Ian Munro and Robert Sedgewick},
title = {Resizable Arrays in Optimal Time and Space},
year = {1999}
}
On Sun, Apr 11, 2010 at 4:17 PM, Martin Buchholz <martinrb at google.com>wrote:
> Hi Kevin,
>
> Thanks for your continuing work on this.
>
> I like the test results, and agree with your analysis.

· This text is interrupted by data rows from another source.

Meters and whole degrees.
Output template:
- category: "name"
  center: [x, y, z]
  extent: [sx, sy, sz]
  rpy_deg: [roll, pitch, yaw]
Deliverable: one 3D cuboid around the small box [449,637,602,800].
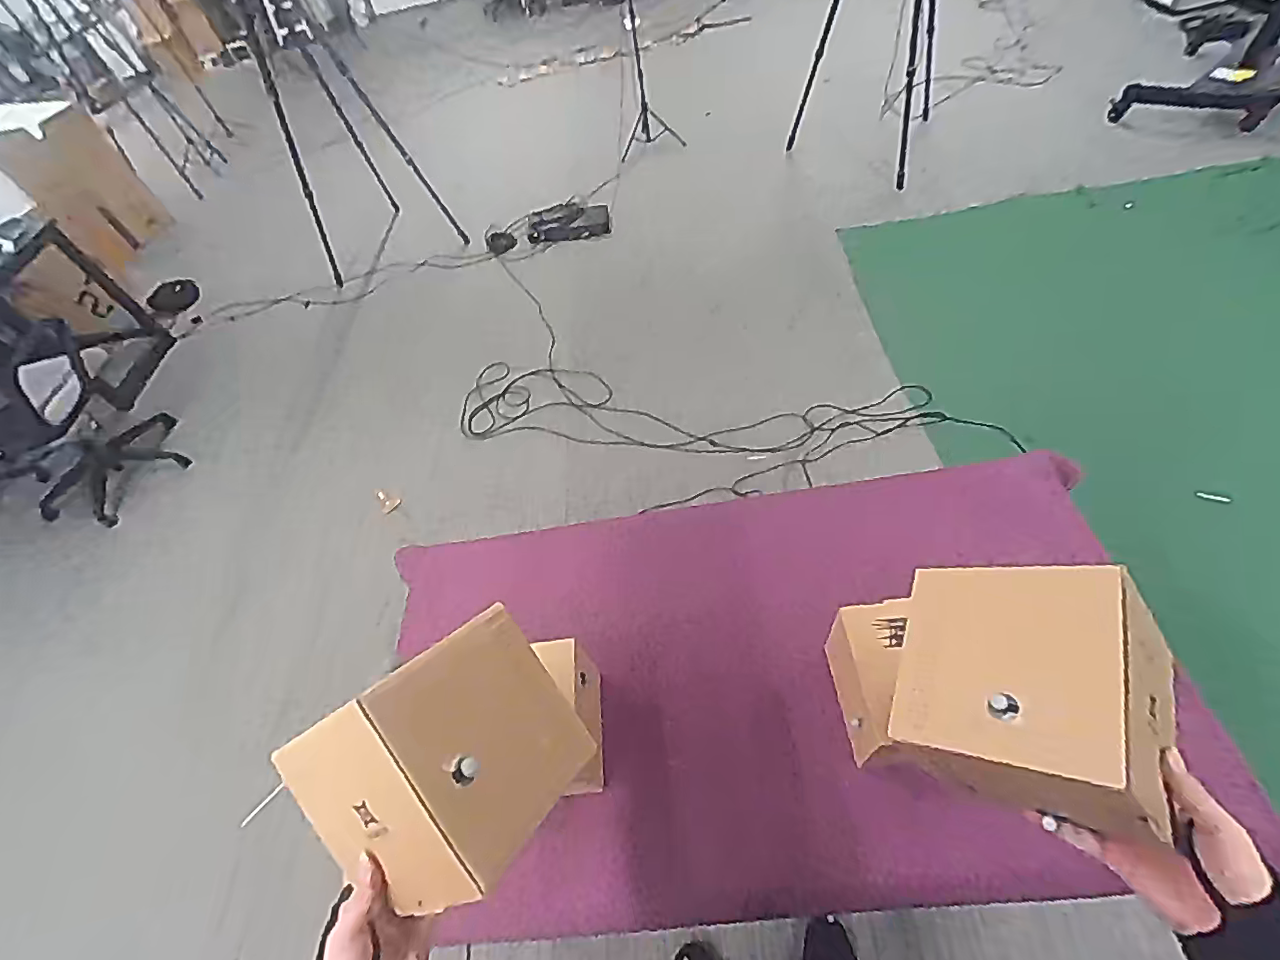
- category: "small box"
  center: [-0.155, 0.352, 0.791]
  extent: [0.168, 0.176, 0.179]
  rpy_deg: [-10, 53, 6]

> I'm especially happy that you're beating
> ArrayList at some operations.
>
> I'd like to see O(1) addition at the beginning,
> implement both List and Deque (I regret
> our not having done this with ArrayDeque).
>
> An additional property that would be nice to
> have (but don't try too hard)
> is to provide some kind of real-time
> guarantees on the cost of an individual operation,
> not just amortized time. E.g. ArrayList.add
> is worst-case O(n), making it unsuitable for use
> in some real-time applications.
>
> I will help get your changes into the obvious
> software distributions. I assume you're happy
> with having this class included in any of
> Doug Lea's jsr166, guava-libraries, or the JDK itself.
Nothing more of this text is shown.